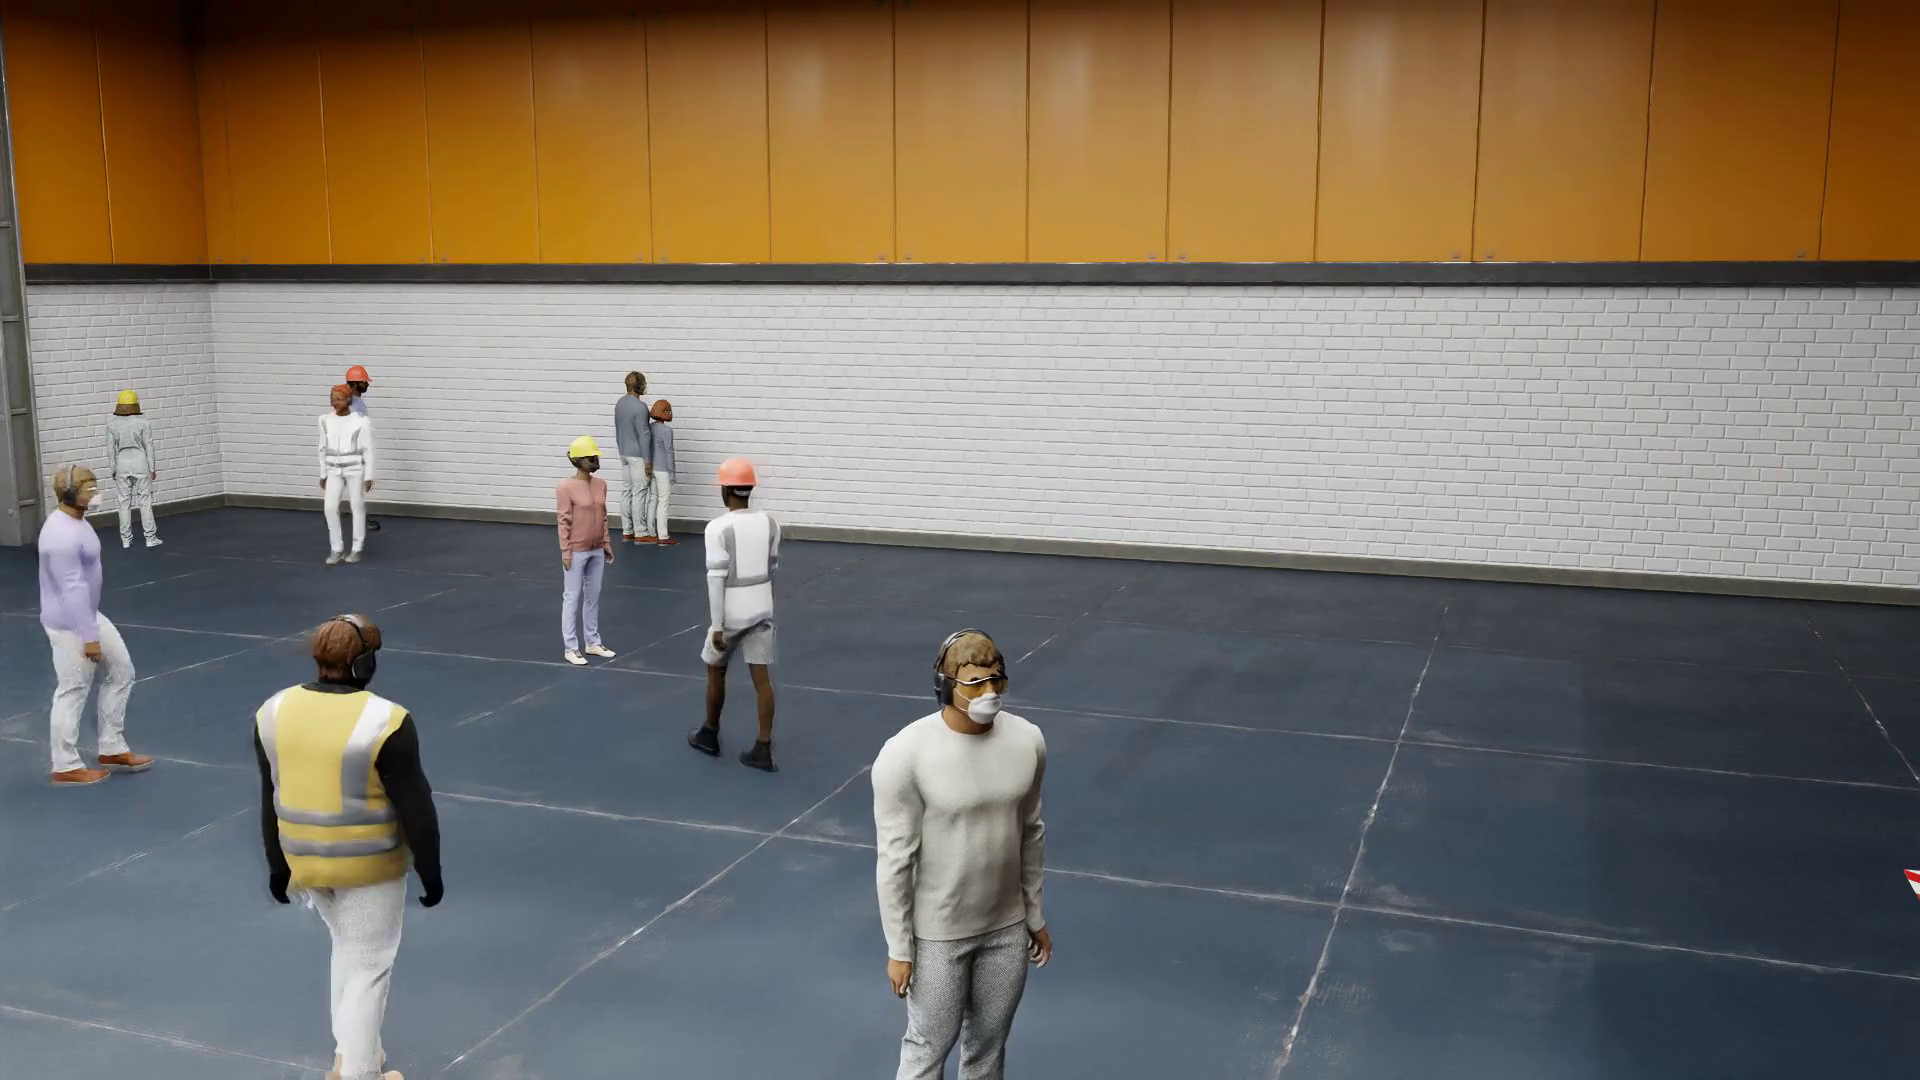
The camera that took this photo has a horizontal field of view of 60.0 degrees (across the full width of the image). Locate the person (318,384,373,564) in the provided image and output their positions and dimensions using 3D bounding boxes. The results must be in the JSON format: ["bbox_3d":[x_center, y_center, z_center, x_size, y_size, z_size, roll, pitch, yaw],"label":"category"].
[{"bbox_3d":[-6.398,-0.666,17.227,0.606,1.865,0.644,0,9,3],"label":"person"}]

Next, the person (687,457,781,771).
[{"bbox_3d":[-1.411,0.432,10.310,0.564,1.896,0.906,-8,12,-40],"label":"person"}]

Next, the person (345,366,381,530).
[{"bbox_3d":[-7.059,-1.080,19.587,0.354,1.939,0.544,-3,10,-20],"label":"person"}]

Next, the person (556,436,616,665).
[{"bbox_3d":[-2.911,0.074,12.949,0.306,1.772,0.524,6,11,31],"label":"person"}]

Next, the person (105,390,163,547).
[{"bbox_3d":[-9.134,-0.787,18.373,0.484,1.744,0.296,-1,9,-9],"label":"person"}]

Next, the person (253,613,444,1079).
[{"bbox_3d":[-2.162,1.158,6.057,0.650,1.821,0.573,3,10,18],"label":"person"}]

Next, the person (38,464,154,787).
[{"bbox_3d":[-5.098,0.505,9.821,0.691,1.914,0.656,-3,10,-20],"label":"person"}]

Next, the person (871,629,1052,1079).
[{"bbox_3d":[0.024,1.230,5.257,0.628,1.940,0.373,-6,11,-34],"label":"person"}]

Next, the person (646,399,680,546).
[{"bbox_3d":[-3.332,-0.753,18.541,0.287,1.627,0.497,-8,12,-42],"label":"person"}]

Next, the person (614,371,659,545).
[{"bbox_3d":[-3.613,-0.916,18.568,0.364,1.939,0.636,-7,12,-38],"label":"person"}]
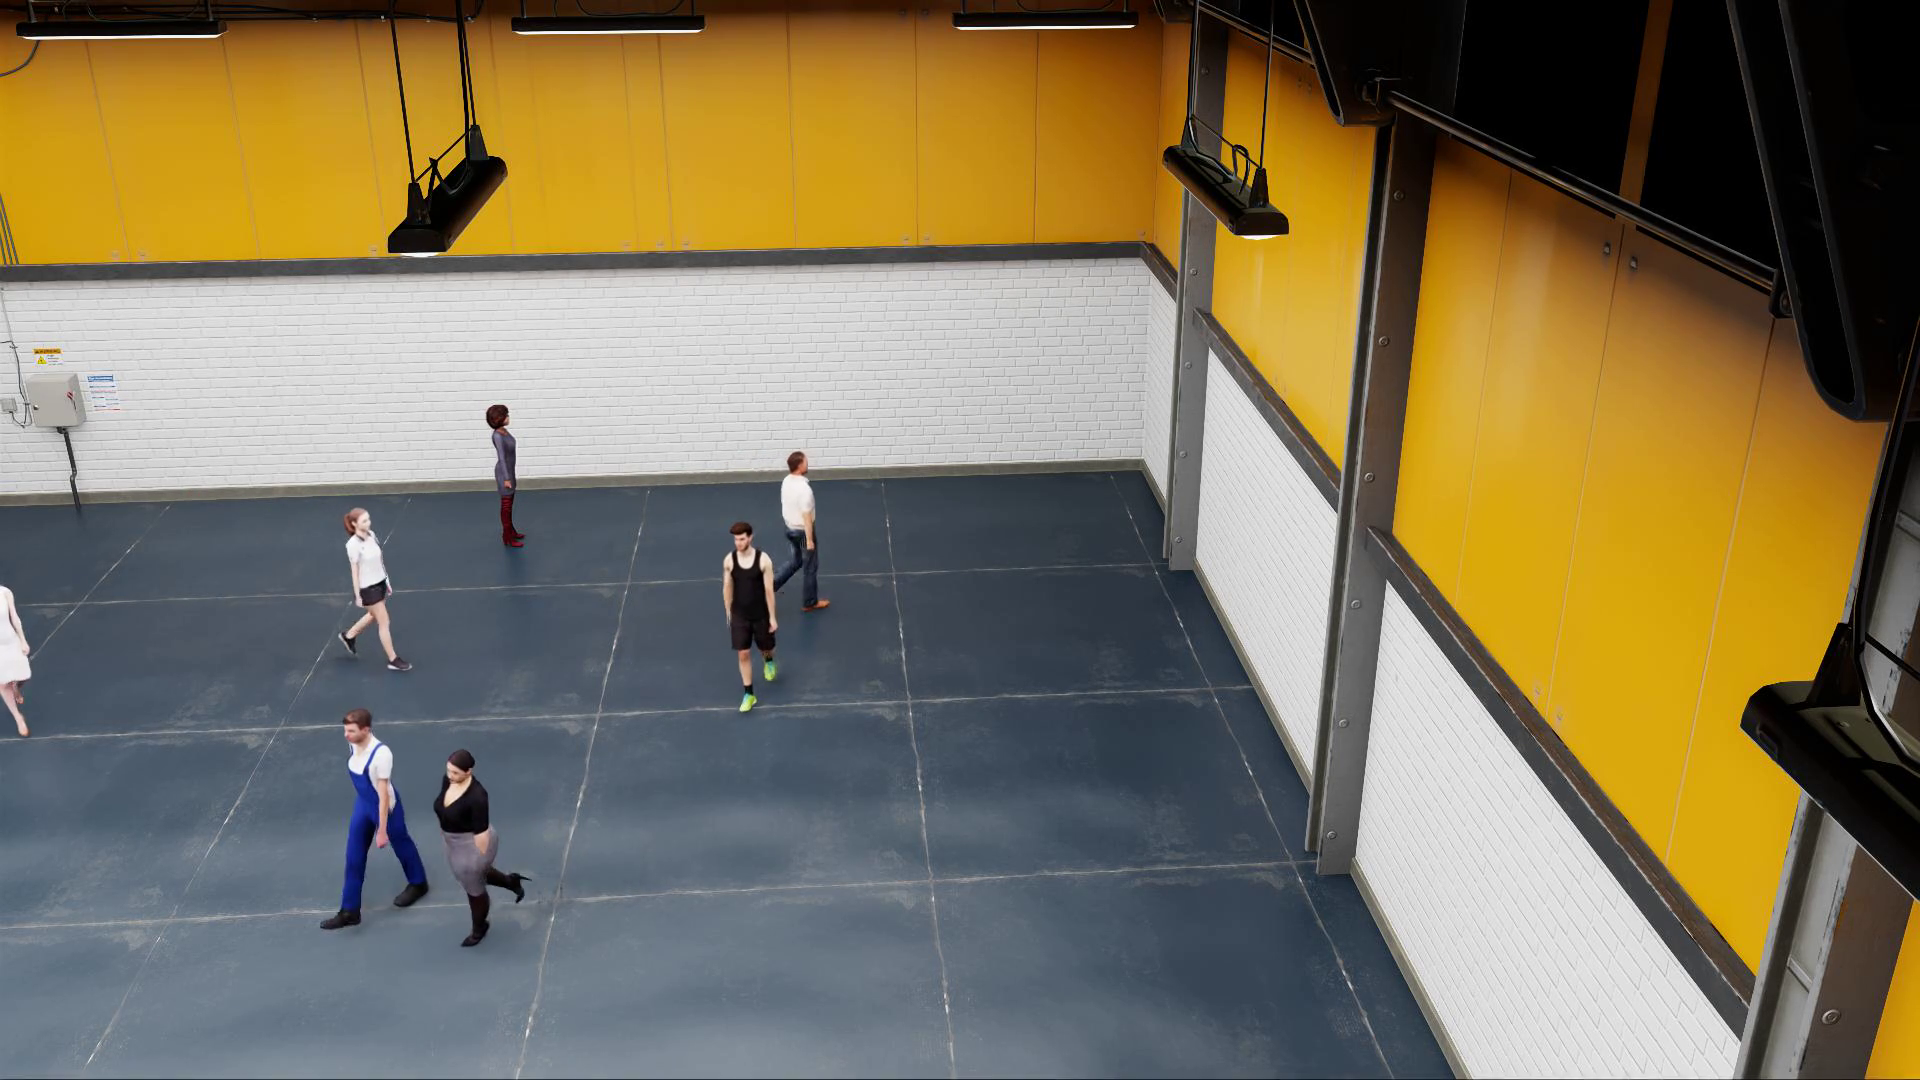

(Exercise prompt)
From the line containing "Next, the person (38,464,154,787)." to the end of the listing, restate each line word for word and nothing more; the pictures stay out.

(Result of this exercise)
Next, the person (38,464,154,787).
[{"bbox_3d":[-5.098,0.505,9.821,0.691,1.914,0.656,-3,10,-20],"label":"person"}]

Next, the person (871,629,1052,1079).
[{"bbox_3d":[0.024,1.230,5.257,0.628,1.940,0.373,-6,11,-34],"label":"person"}]

Next, the person (646,399,680,546).
[{"bbox_3d":[-3.332,-0.753,18.541,0.287,1.627,0.497,-8,12,-42],"label":"person"}]

Next, the person (614,371,659,545).
[{"bbox_3d":[-3.613,-0.916,18.568,0.364,1.939,0.636,-7,12,-38],"label":"person"}]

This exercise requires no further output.